“I think,” he said slowly, “it must have been perhaps twenty years or more ago. I had just entered my teens. My sister and I were in a tree in our yard and she fell out and was badly hurt. She—she has never recovered. It was a good deal of a shock to me. I began to notice the dreams soon afterward. But they weren’t very frequent.”

“Just so. It might have been that.” The doctor was tapping his finger-tips together thoughtfully. There was something he wanted to know, which he must find out. But he did not believe that the man before him would answer truthfully the questions he needed to ask. So he decided to experiment in another direction. “This—this other you,” he went on, “this Hugh Gordon, came to see me once and——”

“Don’t call him my other self!” Felix cried out angrily, jumping to his feet and scowling. “He is a thief, a murderer! He has stolen my good name, my money, my body, he is trying to kill me! I know he came here and tried to poison your feeling against me—and I think he must have succeeded, too. He has tried to set my own mother and sister against me in that same way. He goes snooping out to their home and makes them believe all sorts of tales about me. He’s even been whispering his lies into the ear of my secretary, until she’s going to leave me.”

In his rage, which grew with each fresh accusation that he brought against his enemy, Brand was rushing about with uneven steps and now and then smiting a table or a chair with his fist. “He is determined to pull me down and cover me with disgrace and then annihilate me for his own benefit. Damn him, I won’t have him spoken of as my other self!”

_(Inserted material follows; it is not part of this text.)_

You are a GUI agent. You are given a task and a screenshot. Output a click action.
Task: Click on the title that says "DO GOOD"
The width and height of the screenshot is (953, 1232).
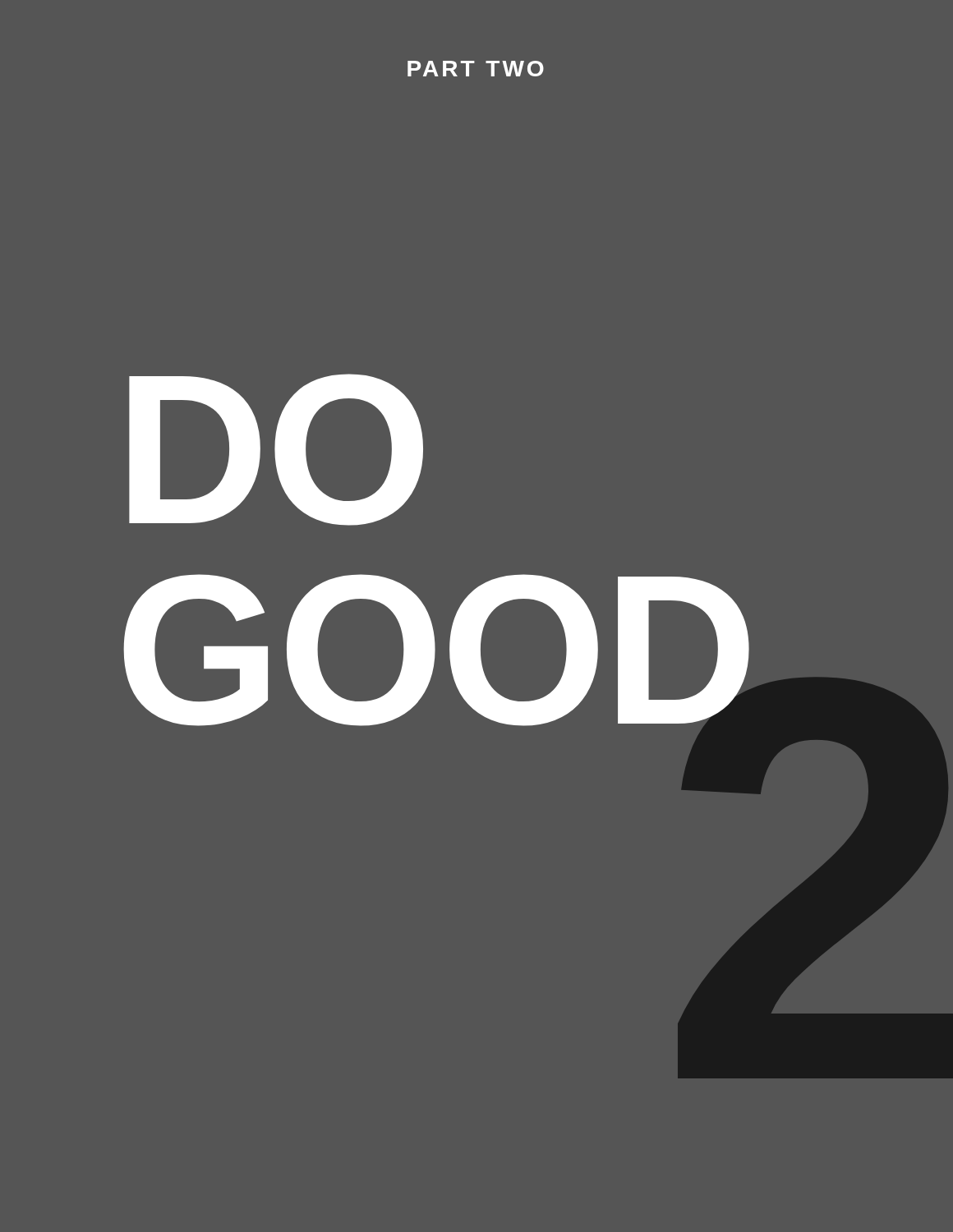tap(526, 549)

“Try to be calm, Felix,” urged the doctor quietly. “You only make your task the harder every time you give up to such outbursts of rage.” He was looking at the other’s trembling hands and working face and thinking that here was at least a beginning of what he wished to know.

“Has this abnormal condition affected you in the exercise of your special gift?” he asked. Brand’s face brightened and his manner quieted at once.

“Ah! That’s something he’s not been able to filch from me, the damned thief!” he exclaimed exultantly as he seated himself again. “I’ve kept all the talent I ever had in that line, and it has developed and increased wonderfully—I don’t mean to boast, Dr. Annister, but I know what I’m talking about—since this has been going on. If you saw the pictures that were published and the things all the critics said of me a few weeks ago you would know that is true. I’m astonished myself lately at the ease, the rapidity and the success with which I work. But it’s all he has not stolen,” Brand continued more gloomily. “He has taken all my business sense. I used to have a good deal of it. I could make money and I would soon have been a rich man. Now I’m getting poorer every day, and he’s getting rich.”

“Yes, I see.” The physician was nodding and softly beating his fingers together. “I get an idea of how the cleavage has been. Your nature was broken into two parts—as clean and sharp and complete a break as in any case I know of. Our task now is to reunite them and make a whole man again out of the halves into which you have separated.”

Brand leaned forward eagerly. “Then you’ll help me?” he demanded. “You won’t go over to his side? The damned hypocrite! He says he is more entitled to life than I am, because he’s a better man, because he wants to do good. Why, Doctor, in the last letter he sent me—” Brand’s anger was rising again—“he ordered me to make my will, and to leave a letter for some one that would explain my disappearance so that it would be known that I was gone for good, that I was never coming back!” The physician held his patient with a calm gaze and made a sign that he was to control himself. And in a moment Felix sank back into his seat, trembling with the reaction from his burst of temper, and imploring the other for the gift of a longer lease of life.